[Stored dataset items]
++++++
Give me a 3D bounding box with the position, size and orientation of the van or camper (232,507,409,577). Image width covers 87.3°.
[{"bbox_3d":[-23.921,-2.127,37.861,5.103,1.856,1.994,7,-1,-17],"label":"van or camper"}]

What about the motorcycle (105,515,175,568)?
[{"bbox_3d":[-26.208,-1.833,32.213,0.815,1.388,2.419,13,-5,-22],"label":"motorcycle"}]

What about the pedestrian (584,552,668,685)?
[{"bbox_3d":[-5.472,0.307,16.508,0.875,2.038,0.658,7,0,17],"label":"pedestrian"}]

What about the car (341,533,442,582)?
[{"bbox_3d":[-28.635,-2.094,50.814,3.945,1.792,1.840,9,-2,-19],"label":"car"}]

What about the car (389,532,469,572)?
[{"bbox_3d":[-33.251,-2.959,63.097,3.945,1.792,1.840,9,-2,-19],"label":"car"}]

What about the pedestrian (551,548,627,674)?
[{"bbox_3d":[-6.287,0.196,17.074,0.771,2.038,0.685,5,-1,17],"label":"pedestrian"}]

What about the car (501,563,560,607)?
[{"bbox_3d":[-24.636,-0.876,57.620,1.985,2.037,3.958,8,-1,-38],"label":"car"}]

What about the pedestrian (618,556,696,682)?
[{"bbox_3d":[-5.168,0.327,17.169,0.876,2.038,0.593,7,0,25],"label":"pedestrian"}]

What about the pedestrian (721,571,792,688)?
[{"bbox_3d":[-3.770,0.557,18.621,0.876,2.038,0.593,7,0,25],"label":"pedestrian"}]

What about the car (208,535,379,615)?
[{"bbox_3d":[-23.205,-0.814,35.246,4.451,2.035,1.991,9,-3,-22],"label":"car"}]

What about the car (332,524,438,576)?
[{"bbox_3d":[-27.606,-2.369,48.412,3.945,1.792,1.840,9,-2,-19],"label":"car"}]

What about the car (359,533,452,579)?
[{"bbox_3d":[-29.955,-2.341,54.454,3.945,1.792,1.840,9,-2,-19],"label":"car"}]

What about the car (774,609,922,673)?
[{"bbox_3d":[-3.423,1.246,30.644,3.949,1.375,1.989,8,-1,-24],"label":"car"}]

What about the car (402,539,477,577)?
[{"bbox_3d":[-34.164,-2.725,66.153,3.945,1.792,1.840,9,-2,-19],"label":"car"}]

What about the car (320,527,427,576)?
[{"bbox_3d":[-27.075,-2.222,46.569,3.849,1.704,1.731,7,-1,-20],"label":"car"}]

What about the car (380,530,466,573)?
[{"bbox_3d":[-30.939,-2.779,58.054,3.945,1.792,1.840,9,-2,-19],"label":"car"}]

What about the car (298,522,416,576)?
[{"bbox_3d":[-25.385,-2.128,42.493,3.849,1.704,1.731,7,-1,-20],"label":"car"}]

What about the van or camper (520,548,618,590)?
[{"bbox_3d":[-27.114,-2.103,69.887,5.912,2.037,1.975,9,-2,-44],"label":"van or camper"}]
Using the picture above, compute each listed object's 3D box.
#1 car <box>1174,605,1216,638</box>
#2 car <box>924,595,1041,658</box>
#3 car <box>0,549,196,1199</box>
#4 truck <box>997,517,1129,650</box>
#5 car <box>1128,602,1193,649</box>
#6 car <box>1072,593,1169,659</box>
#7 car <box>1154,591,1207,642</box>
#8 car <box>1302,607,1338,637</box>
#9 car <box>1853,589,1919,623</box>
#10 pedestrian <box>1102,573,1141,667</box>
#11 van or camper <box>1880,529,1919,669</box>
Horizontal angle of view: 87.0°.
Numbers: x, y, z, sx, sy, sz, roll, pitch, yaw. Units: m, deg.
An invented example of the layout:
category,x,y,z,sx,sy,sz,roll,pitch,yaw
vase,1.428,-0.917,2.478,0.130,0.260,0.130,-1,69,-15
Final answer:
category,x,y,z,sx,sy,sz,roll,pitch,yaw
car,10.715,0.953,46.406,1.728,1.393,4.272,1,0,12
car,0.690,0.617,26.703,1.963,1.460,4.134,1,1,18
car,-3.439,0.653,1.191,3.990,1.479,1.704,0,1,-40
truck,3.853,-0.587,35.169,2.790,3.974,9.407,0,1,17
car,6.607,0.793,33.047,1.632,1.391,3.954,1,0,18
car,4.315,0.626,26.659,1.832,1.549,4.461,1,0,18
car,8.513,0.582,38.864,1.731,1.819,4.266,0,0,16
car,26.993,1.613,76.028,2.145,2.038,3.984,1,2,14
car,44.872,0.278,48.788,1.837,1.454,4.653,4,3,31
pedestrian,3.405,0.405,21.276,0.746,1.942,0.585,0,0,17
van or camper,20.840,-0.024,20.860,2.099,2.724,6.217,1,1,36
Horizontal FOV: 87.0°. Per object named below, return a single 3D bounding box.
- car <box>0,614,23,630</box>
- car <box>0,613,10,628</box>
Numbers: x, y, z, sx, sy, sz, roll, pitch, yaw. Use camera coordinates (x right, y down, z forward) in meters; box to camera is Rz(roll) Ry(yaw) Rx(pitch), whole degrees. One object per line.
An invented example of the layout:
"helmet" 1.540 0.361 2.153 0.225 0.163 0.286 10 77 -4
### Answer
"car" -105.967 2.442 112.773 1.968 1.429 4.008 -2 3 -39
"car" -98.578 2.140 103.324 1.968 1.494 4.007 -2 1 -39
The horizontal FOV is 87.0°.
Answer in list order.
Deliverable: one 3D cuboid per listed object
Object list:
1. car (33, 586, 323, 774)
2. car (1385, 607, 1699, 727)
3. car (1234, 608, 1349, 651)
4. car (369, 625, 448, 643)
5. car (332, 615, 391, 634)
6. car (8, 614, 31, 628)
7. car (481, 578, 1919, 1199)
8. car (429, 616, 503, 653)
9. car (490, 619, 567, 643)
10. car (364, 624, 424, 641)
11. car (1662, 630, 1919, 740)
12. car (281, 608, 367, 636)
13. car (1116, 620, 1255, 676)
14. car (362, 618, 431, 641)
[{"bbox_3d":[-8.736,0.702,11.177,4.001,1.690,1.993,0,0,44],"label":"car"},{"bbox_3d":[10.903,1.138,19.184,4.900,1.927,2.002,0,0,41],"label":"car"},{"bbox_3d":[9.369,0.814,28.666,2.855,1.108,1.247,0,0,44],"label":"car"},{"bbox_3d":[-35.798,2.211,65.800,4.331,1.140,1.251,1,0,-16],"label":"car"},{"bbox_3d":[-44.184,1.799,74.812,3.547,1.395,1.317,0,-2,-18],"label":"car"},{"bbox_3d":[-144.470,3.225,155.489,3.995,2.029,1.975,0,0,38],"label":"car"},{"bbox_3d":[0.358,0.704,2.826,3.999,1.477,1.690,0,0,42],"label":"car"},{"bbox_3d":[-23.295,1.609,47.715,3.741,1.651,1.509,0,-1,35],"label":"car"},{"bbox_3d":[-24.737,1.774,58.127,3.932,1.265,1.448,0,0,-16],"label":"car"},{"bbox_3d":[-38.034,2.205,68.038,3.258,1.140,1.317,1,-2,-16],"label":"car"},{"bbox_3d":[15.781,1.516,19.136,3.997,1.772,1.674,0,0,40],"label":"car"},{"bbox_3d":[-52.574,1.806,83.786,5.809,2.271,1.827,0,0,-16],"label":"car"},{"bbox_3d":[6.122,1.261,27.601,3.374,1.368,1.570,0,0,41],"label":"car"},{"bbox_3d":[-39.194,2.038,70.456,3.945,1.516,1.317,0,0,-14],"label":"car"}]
++++++
Exercise prompt: Each record shown above must be printed once more, exactly.

Completed exercise:
Give me a 3D bounding box with the position, size and orientation of the van or camper (232,507,409,577). Image width covers 87.3°.
[{"bbox_3d":[-23.921,-2.127,37.861,5.103,1.856,1.994,7,-1,-17],"label":"van or camper"}]

What about the motorcycle (105,515,175,568)?
[{"bbox_3d":[-26.208,-1.833,32.213,0.815,1.388,2.419,13,-5,-22],"label":"motorcycle"}]

What about the pedestrian (584,552,668,685)?
[{"bbox_3d":[-5.472,0.307,16.508,0.875,2.038,0.658,7,0,17],"label":"pedestrian"}]

What about the car (341,533,442,582)?
[{"bbox_3d":[-28.635,-2.094,50.814,3.945,1.792,1.840,9,-2,-19],"label":"car"}]

What about the car (389,532,469,572)?
[{"bbox_3d":[-33.251,-2.959,63.097,3.945,1.792,1.840,9,-2,-19],"label":"car"}]

What about the pedestrian (551,548,627,674)?
[{"bbox_3d":[-6.287,0.196,17.074,0.771,2.038,0.685,5,-1,17],"label":"pedestrian"}]

What about the car (501,563,560,607)?
[{"bbox_3d":[-24.636,-0.876,57.620,1.985,2.037,3.958,8,-1,-38],"label":"car"}]

What about the pedestrian (618,556,696,682)?
[{"bbox_3d":[-5.168,0.327,17.169,0.876,2.038,0.593,7,0,25],"label":"pedestrian"}]

What about the pedestrian (721,571,792,688)?
[{"bbox_3d":[-3.770,0.557,18.621,0.876,2.038,0.593,7,0,25],"label":"pedestrian"}]

What about the car (208,535,379,615)?
[{"bbox_3d":[-23.205,-0.814,35.246,4.451,2.035,1.991,9,-3,-22],"label":"car"}]

What about the car (332,524,438,576)?
[{"bbox_3d":[-27.606,-2.369,48.412,3.945,1.792,1.840,9,-2,-19],"label":"car"}]

What about the car (359,533,452,579)?
[{"bbox_3d":[-29.955,-2.341,54.454,3.945,1.792,1.840,9,-2,-19],"label":"car"}]

What about the car (774,609,922,673)?
[{"bbox_3d":[-3.423,1.246,30.644,3.949,1.375,1.989,8,-1,-24],"label":"car"}]

What about the car (402,539,477,577)?
[{"bbox_3d":[-34.164,-2.725,66.153,3.945,1.792,1.840,9,-2,-19],"label":"car"}]

What about the car (320,527,427,576)?
[{"bbox_3d":[-27.075,-2.222,46.569,3.849,1.704,1.731,7,-1,-20],"label":"car"}]

What about the car (380,530,466,573)?
[{"bbox_3d":[-30.939,-2.779,58.054,3.945,1.792,1.840,9,-2,-19],"label":"car"}]

What about the car (298,522,416,576)?
[{"bbox_3d":[-25.385,-2.128,42.493,3.849,1.704,1.731,7,-1,-20],"label":"car"}]

What about the van or camper (520,548,618,590)?
[{"bbox_3d":[-27.114,-2.103,69.887,5.912,2.037,1.975,9,-2,-44],"label":"van or camper"}]
Using the picture above, compute each listed object's 3D box.
#1 car <box>1174,605,1216,638</box>
#2 car <box>924,595,1041,658</box>
#3 car <box>0,549,196,1199</box>
#4 truck <box>997,517,1129,650</box>
#5 car <box>1128,602,1193,649</box>
#6 car <box>1072,593,1169,659</box>
#7 car <box>1154,591,1207,642</box>
#8 car <box>1302,607,1338,637</box>
#9 car <box>1853,589,1919,623</box>
#10 pedestrian <box>1102,573,1141,667</box>
#11 van or camper <box>1880,529,1919,669</box>
Horizontal angle of view: 87.0°.
Numbers: x, y, z, sx, sy, sz, roll, pitch, yaw. Units: m, deg.
An invented example of the layout:
category,x,y,z,sx,sy,sz,roll,pitch,yaw
vase,1.428,-0.917,2.478,0.130,0.260,0.130,-1,69,-15
Final answer:
category,x,y,z,sx,sy,sz,roll,pitch,yaw
car,10.715,0.953,46.406,1.728,1.393,4.272,1,0,12
car,0.690,0.617,26.703,1.963,1.460,4.134,1,1,18
car,-3.439,0.653,1.191,3.990,1.479,1.704,0,1,-40
truck,3.853,-0.587,35.169,2.790,3.974,9.407,0,1,17
car,6.607,0.793,33.047,1.632,1.391,3.954,1,0,18
car,4.315,0.626,26.659,1.832,1.549,4.461,1,0,18
car,8.513,0.582,38.864,1.731,1.819,4.266,0,0,16
car,26.993,1.613,76.028,2.145,2.038,3.984,1,2,14
car,44.872,0.278,48.788,1.837,1.454,4.653,4,3,31
pedestrian,3.405,0.405,21.276,0.746,1.942,0.585,0,0,17
van or camper,20.840,-0.024,20.860,2.099,2.724,6.217,1,1,36
Horizontal FOV: 87.0°. Per object named below, return a single 3D bounding box.
- car <box>0,614,23,630</box>
- car <box>0,613,10,628</box>
Numbers: x, y, z, sx, sy, sz, roll, pitch, yaw. Use camera coordinates (x right, y down, z forward) in meters; box to camera is Rz(roll) Ry(yaw) Rx(pitch), whole degrees. One object per line.
An invented example of the layout:
"helmet" 1.540 0.361 2.153 0.225 0.163 0.286 10 77 -4
### Answer
"car" -105.967 2.442 112.773 1.968 1.429 4.008 -2 3 -39
"car" -98.578 2.140 103.324 1.968 1.494 4.007 -2 1 -39
The horizontal FOV is 87.0°.
Answer in list order.
Deliverable: one 3D cuboid per listed object
Object list:
1. car (33, 586, 323, 774)
2. car (1385, 607, 1699, 727)
3. car (1234, 608, 1349, 651)
4. car (369, 625, 448, 643)
5. car (332, 615, 391, 634)
6. car (8, 614, 31, 628)
7. car (481, 578, 1919, 1199)
8. car (429, 616, 503, 653)
9. car (490, 619, 567, 643)
10. car (364, 624, 424, 641)
11. car (1662, 630, 1919, 740)
12. car (281, 608, 367, 636)
13. car (1116, 620, 1255, 676)
14. car (362, 618, 431, 641)
[{"bbox_3d":[-8.736,0.702,11.177,4.001,1.690,1.993,0,0,44],"label":"car"},{"bbox_3d":[10.903,1.138,19.184,4.900,1.927,2.002,0,0,41],"label":"car"},{"bbox_3d":[9.369,0.814,28.666,2.855,1.108,1.247,0,0,44],"label":"car"},{"bbox_3d":[-35.798,2.211,65.800,4.331,1.140,1.251,1,0,-16],"label":"car"},{"bbox_3d":[-44.184,1.799,74.812,3.547,1.395,1.317,0,-2,-18],"label":"car"},{"bbox_3d":[-144.470,3.225,155.489,3.995,2.029,1.975,0,0,38],"label":"car"},{"bbox_3d":[0.358,0.704,2.826,3.999,1.477,1.690,0,0,42],"label":"car"},{"bbox_3d":[-23.295,1.609,47.715,3.741,1.651,1.509,0,-1,35],"label":"car"},{"bbox_3d":[-24.737,1.774,58.127,3.932,1.265,1.448,0,0,-16],"label":"car"},{"bbox_3d":[-38.034,2.205,68.038,3.258,1.140,1.317,1,-2,-16],"label":"car"},{"bbox_3d":[15.781,1.516,19.136,3.997,1.772,1.674,0,0,40],"label":"car"},{"bbox_3d":[-52.574,1.806,83.786,5.809,2.271,1.827,0,0,-16],"label":"car"},{"bbox_3d":[6.122,1.261,27.601,3.374,1.368,1.570,0,0,41],"label":"car"},{"bbox_3d":[-39.194,2.038,70.456,3.945,1.516,1.317,0,0,-14],"label":"car"}]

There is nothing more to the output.